Effects of Solidago canadensis L. on mineralization-immobilization turnover enhance its nitrogen competitiveness and invasiveness

Abstract

The effects of exotic plants on soil nitrogen (N) transformations may influence species invasion success. However, the complex interplay between invasive plant N uptake and N transformation in soils remains unclear. In the present study, a series of 15N-labeled pot experiments were carried out with Solidago canadensis L. (S. canadensis), an invasive plant, and the Ntrace tool was used to clarify the preferred inorganic N form and its effects on soil N transformation. According to the results, nitrate-N (NO3−-N) uptake rates by S. canadensis were 2.38 and 2.28 mg N kg−1 d−1 in acidic and alkaline soil, respectively, which were significantly higher than the ammonium-N (NH4+-N) uptake rates (1.76 and 1.56 mg N kg−1 d−1, respectively), indicating that S. canadensis was a NO3−-N-preferring plant, irrespective of pH condition.
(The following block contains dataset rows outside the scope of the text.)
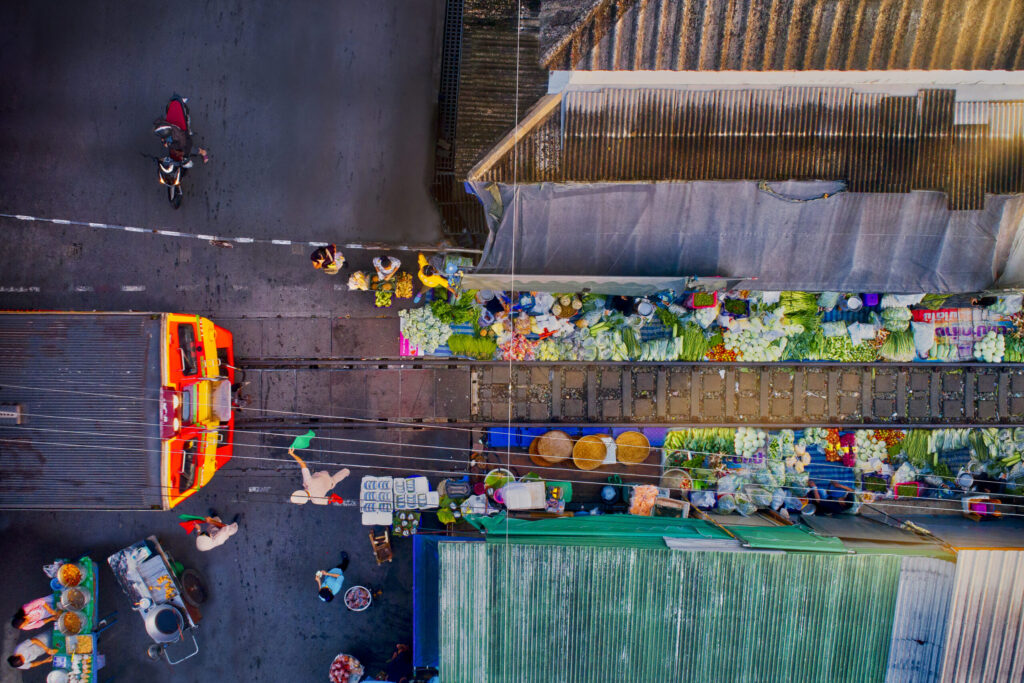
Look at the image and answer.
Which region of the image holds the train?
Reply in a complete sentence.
The train is located in the left region of the scene.
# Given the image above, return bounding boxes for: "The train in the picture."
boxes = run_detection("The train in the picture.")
[0,310,251,512]
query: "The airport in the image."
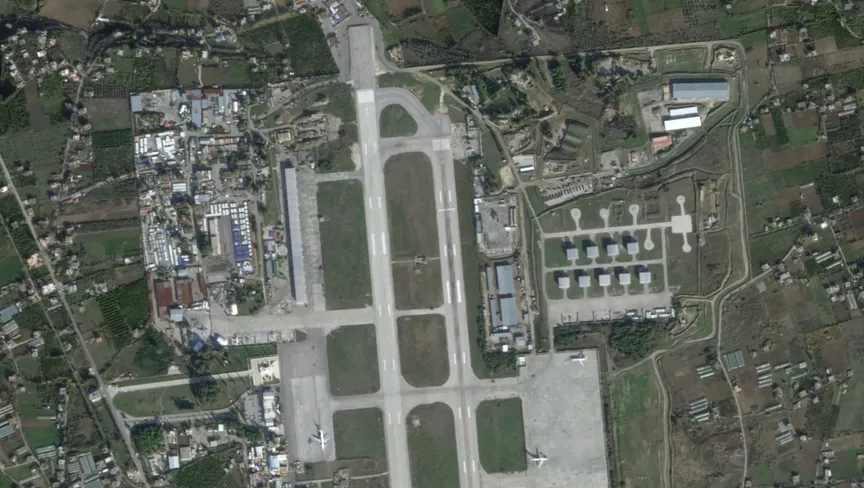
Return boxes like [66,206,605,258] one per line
[205,26,692,488]
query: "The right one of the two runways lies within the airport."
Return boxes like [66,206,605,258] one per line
[430,138,482,488]
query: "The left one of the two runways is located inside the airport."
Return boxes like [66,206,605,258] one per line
[354,89,411,488]
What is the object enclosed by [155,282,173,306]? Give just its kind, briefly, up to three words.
building
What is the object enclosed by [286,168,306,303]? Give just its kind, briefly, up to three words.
hangar
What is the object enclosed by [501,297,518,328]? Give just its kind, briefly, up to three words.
hangar
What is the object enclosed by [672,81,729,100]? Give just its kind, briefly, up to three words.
building
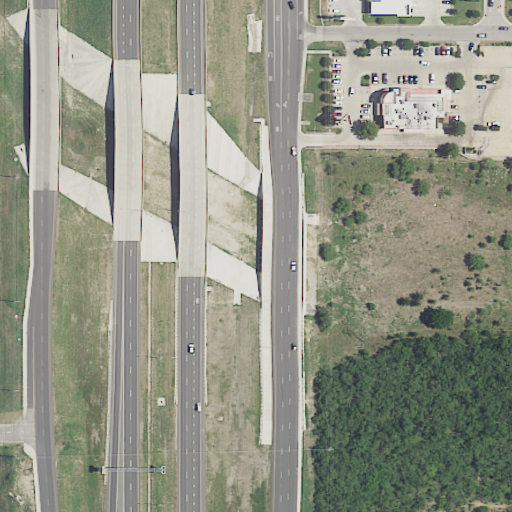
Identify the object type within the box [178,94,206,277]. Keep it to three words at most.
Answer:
bridge
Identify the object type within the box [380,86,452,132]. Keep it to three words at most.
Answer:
building
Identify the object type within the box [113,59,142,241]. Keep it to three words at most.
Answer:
bridge
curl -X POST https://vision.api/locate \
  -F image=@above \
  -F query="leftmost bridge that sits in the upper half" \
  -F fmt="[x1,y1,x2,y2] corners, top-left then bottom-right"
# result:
[30,9,60,190]
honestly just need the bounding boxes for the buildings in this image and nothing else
[362,0,412,15]
[380,86,452,132]

Gross N mineralization rate was 0.41 mg N kg−1 d−1 in alkaline soil in the presence of S. canadensis L., which was significantly lower than that in the control (no plant, CK, 2.44 mg N kg−1 d−1). Gross autotrophic nitrification rate also decreased from 5.95 mg N kg−1 d−1 in the CK to 0.04 mg N kg−1 d−1 in the presence of S. canadensis in alkaline soil. However, microbial N immobilization rate increased significantly from 1.09 to 2.16 mg N kg−1 d−1, and from 0.02 to 2.73 mg N kg−1 d−1 after S. canadensis planting, in acidic and alkaline soil, respectively. Heterotrophic nitrification rate was stimulated in the presence of S. canadensis to provide NO3−-N to support the N requirements of plants and microbes. The results suggested that S. canadensis can influence the mineralization-immobilization turnover (MIT) to optimize its N requirements while limiting N supply for other plants in the system. The results of the present study enhance our understanding of the competitiveness and mechanisms of invasion of alien plants.